I don't use the metric system. Describing a women's body as 
914.4
609.6
914.4
Just doesn't seem right…


----------



## RichT (Oct 14, 2016)

> I don t use the metric system. Describing a women s body as
> 914.4
> 609.6
> 914.4
> ...


And the Kardashians would be 1424.6, 494.2, 1937.8.


----------



## jbertelson (Sep 26, 2009)

Since I was an OB-GYN, there is some things I really can't say. Medicine is mostly on the metric system, kinda, but I always translated it into SAE. So someone gave me the babies weight in kilos, being good with math, I immediately translated it into pounds and ounces. I could understand that. I never got the weight stuff. But the centimeters, I got. You don't get to know the reason why.

If a woman gave me her dimensions, well, I probably wasn't in the office, and maybe I was somewhere I shouldn't be… don't you think?... (-:

Can't recollect that ever happened, but I suspect, I just wouldn't recollect, right?

So, I have a lot of digital equipment, and a lot of charts to translate into decimal, instead of fractions. Fractions are definitely idiotic. But, it seems, I really know what a 1/16, 1/8, 1/4 inch is. And I bet the rest of you do as well.

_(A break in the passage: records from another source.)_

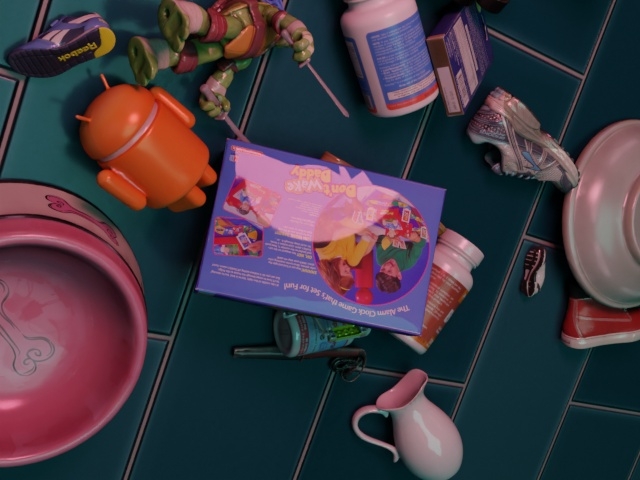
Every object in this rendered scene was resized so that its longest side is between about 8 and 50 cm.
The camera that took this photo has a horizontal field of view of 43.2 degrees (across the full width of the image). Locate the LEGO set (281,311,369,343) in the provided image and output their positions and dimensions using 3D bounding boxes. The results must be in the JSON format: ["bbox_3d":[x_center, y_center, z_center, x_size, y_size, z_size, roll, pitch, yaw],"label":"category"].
[{"bbox_3d":[0.073,0.081,1.333,0.287,0.107,0.132,-23,142,-10],"label":"LEGO set"}]

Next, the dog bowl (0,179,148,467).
[{"bbox_3d":[-0.424,0.130,1.120,0.408,0.150,0.407,-10,111,-26],"label":"dog bowl"}]

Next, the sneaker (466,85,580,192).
[{"bbox_3d":[0.375,-0.166,1.521,0.122,0.110,0.283,-45,122,12],"label":"sneaker"}]

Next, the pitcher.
[{"bbox_3d":[0.172,0.379,1.575,0.178,0.125,0.207,-28,109,4],"label":"pitcher"}]

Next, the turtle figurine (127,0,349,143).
[{"bbox_3d":[-0.110,-0.235,1.127,0.266,0.198,0.274,-10,107,-44],"label":"turtle figurine"}]

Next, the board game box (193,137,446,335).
[{"bbox_3d":[0.000,0.000,1.240,0.347,0.078,0.233,13,81,-9],"label":"board game box"}]

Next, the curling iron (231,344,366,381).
[{"bbox_3d":[-0.031,0.211,1.439,0.274,0.035,0.068,11,101,-32],"label":"curling iron"}]

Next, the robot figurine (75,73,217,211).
[{"bbox_3d":[-0.247,-0.133,1.147,0.158,0.128,0.219,-45,124,0],"label":"robot figurine"}]

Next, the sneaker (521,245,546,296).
[{"bbox_3d":[0.443,0.061,1.663,0.044,0.040,0.109,-6,114,-45],"label":"sneaker"}]

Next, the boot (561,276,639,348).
[{"bbox_3d":[0.641,0.131,1.769,0.244,0.088,0.176,-7,108,-24],"label":"boot"}]

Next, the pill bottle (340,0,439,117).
[{"bbox_3d":[0.104,-0.319,1.283,0.124,0.124,0.221,-31,120,-18],"label":"pill bottle"}]

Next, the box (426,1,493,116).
[{"bbox_3d":[0.241,-0.321,1.367,0.225,0.037,0.136,-55,132,-46],"label":"box"}]

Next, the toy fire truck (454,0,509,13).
[{"bbox_3d":[0.231,-0.521,1.297,0.217,0.246,0.158,4,146,-29],"label":"toy fire truck"}]

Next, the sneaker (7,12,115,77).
[{"bbox_3d":[-0.350,-0.265,1.090,0.144,0.059,0.053,-20,148,-6],"label":"sneaker"}]

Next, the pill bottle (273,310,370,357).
[{"bbox_3d":[0.005,0.148,1.407,0.160,0.087,0.087,-8,110,-28],"label":"pill bottle"}]

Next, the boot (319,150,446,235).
[{"bbox_3d":[0.060,-0.005,1.390,0.295,0.104,0.211,26,98,-29],"label":"boot"}]

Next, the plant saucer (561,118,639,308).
[{"bbox_3d":[0.673,-0.050,1.672,0.401,0.100,0.400,-4,98,-31],"label":"plant saucer"}]

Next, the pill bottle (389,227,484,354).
[{"bbox_3d":[0.200,0.090,1.478,0.121,0.121,0.216,39,86,-33],"label":"pill bottle"}]

Just an old timer, getting old timerer.

Pleasant discussion, reminiscent of old times, I do say, so staying tuned….......


----------



## Desert_Woodworker (Jan 28, 2015)

Jim I was invited to AKguys place in February, mabe you can drop in for a visit


----------



## robscastle (May 13, 2012)

Jim you could have had those table photos posted by now.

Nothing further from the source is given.